145-147- Andolsun ki sen, o Kitap verilmiş olanlara, hangi delili getirirsen getir, yine de senin kıblene tabi olmazlar. Sen de onların kıblesine uyacak değilsin. Zaten onlar da birbirlerinin kıblesine uymazlar. Yine andolsun ki, sana gelen bunca bilgiden sonra, sen onların arzu ve hevalarına uyacak olursan, o takdirde sen de zalimlerden olursun. Şu, kendilerine Kitap verdiklerimiz, onu kendi oğullarını tanıdıkları gibi tanırlar. Buna rağmen onlardan bir kesim bile bile gerçeği gizliyorlar. Gerçek / Hak, Rabbindendir. O halde, sakın şüpheye düşenlerden olma! (Bakara Suresi 145-147)

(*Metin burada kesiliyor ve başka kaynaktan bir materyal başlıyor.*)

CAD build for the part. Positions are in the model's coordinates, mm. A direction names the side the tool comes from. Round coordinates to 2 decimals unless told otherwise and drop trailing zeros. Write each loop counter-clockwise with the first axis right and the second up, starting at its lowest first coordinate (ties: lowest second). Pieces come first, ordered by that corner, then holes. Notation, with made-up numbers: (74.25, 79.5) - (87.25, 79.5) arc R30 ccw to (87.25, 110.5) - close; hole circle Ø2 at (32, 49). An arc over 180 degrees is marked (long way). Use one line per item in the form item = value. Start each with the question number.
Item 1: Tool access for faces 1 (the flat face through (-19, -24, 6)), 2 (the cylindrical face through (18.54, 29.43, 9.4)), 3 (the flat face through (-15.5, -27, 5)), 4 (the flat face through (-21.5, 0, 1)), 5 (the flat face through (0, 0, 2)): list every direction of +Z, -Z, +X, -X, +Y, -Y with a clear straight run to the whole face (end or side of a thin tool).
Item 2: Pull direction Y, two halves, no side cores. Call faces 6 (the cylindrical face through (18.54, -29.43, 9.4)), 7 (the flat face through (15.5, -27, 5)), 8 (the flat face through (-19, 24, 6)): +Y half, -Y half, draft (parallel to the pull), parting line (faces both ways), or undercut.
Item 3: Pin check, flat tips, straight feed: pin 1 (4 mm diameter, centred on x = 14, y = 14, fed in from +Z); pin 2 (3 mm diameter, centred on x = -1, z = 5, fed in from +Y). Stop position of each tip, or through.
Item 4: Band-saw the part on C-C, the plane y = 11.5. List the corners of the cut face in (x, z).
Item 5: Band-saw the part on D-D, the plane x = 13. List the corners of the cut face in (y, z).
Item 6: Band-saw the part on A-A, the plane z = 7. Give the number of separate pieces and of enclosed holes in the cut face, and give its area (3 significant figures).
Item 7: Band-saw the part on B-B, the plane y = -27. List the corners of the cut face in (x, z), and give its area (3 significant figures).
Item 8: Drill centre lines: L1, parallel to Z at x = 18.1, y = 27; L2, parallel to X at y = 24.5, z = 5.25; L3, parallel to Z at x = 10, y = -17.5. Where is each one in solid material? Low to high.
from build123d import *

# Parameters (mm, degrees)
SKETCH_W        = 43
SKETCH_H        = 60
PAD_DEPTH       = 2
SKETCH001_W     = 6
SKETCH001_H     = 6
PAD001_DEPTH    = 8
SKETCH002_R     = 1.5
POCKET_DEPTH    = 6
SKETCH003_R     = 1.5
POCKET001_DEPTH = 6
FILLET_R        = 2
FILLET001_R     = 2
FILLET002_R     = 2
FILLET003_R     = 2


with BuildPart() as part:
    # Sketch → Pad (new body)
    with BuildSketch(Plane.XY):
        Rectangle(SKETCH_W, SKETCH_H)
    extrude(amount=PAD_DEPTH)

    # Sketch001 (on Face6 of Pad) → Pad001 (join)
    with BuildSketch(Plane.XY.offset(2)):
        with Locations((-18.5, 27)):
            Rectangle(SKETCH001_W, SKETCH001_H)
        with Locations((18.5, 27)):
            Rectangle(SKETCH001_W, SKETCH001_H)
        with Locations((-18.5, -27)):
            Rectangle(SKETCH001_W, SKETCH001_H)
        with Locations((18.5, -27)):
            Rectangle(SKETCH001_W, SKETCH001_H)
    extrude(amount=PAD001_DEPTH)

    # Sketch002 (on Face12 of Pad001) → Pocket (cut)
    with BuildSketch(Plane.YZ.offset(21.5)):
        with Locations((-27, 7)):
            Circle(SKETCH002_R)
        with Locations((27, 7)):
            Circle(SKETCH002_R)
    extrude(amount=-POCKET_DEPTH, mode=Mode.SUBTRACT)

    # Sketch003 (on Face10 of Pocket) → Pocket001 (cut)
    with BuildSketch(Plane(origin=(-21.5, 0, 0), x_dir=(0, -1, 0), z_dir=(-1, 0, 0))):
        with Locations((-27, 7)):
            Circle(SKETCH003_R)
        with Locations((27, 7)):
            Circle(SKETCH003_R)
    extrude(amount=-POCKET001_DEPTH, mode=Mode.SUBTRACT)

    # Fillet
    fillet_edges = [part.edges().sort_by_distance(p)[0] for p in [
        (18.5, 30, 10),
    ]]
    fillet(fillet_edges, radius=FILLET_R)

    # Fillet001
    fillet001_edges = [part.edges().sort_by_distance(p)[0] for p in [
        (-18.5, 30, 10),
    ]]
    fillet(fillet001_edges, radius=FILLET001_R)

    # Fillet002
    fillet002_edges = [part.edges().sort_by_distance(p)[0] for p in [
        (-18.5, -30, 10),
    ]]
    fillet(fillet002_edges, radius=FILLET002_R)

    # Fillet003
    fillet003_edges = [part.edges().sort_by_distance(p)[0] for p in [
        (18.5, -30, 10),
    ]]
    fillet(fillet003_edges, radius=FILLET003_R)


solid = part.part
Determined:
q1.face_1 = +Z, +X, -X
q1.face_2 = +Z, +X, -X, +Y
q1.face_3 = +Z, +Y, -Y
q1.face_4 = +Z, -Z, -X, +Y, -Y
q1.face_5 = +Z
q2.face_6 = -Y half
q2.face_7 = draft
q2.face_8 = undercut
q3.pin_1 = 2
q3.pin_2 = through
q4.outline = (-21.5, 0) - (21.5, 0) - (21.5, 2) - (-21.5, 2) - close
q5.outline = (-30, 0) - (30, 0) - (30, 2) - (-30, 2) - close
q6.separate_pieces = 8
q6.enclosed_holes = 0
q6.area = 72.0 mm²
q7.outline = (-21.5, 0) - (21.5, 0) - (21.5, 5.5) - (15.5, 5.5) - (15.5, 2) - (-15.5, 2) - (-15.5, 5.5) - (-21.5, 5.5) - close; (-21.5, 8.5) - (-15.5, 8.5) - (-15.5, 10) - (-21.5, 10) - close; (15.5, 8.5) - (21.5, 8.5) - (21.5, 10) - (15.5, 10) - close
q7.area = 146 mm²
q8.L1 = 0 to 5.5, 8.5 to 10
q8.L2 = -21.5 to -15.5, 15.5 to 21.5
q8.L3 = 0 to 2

9.8. Kıble Değişikliğine Müminlerin İkna Edilmeleri

Kıble değişikliği konusunda müminlerinde itirazları oldu. Onlarda peygamberimizin taşıdığı güvenlik endişesini taşıyorlardı. 

Cenab-ı Hak, müminlerin bu endişeleri karşısında aşağıdaki ikna edici hususları bildirdi;

·        “Her topluluğun ayrı hedef ve beklentileri ile ayrı değer yargılarının var olduğu,”

·        “Hayırlar için çalışan, iyilikler için yarışanın sonunda kazanacağı ve birliği sağlayacağı,”

·        “Şayet müminler olarak bir iyilik, fazilet hareketi başlatılır, hayırlarda iyi niyetle koşulursa ve şekillere takılıp kalınmazsa diğer toplumların o iyilik hareketine katılacağı,”

·        “Kıble olarak Mekke müşriklerinin hedeflerinin ya da yaptıklarının değil, Hz. İbrahim’in Kâbe’nin kurucu ruhuna uygun bir hareketin herkese güven vereceği ve herkesin bu hareketin temsilcilerine karşı teveccühünün oluşacağı, böylece birlik ve beraberliğin sağlanacağı,”

·        “Şekillerde kalmayıp asıl kıble ve hedef olan hayırlarda koşulması ve iyilik yapmada yarışılması halinde bütün Arap kabilelerinin bir araya toplanacağı ve tevhidin sağlanacağı,”

·        “Mescid-i Haram’ın kurucu ruhuna uygun olduktan sonra seçilen şekil, yol, yöntem, yer ve usulün «nasıl olduğunun» önemli olmadığı,”

Cenab-ı Hakk’ın bu hususları bildirdikten sonra kıblenin şeklen Kâbe yönüne doğru çevrilmesi sonucunda Yahudi kabilelerinin birlik ve beraberlikten ayrılmalarının güvenliklerine zarar vermeyeceği konusunda müminler ikna oldular ve yönlerini Kâbe’ye çevirdiler.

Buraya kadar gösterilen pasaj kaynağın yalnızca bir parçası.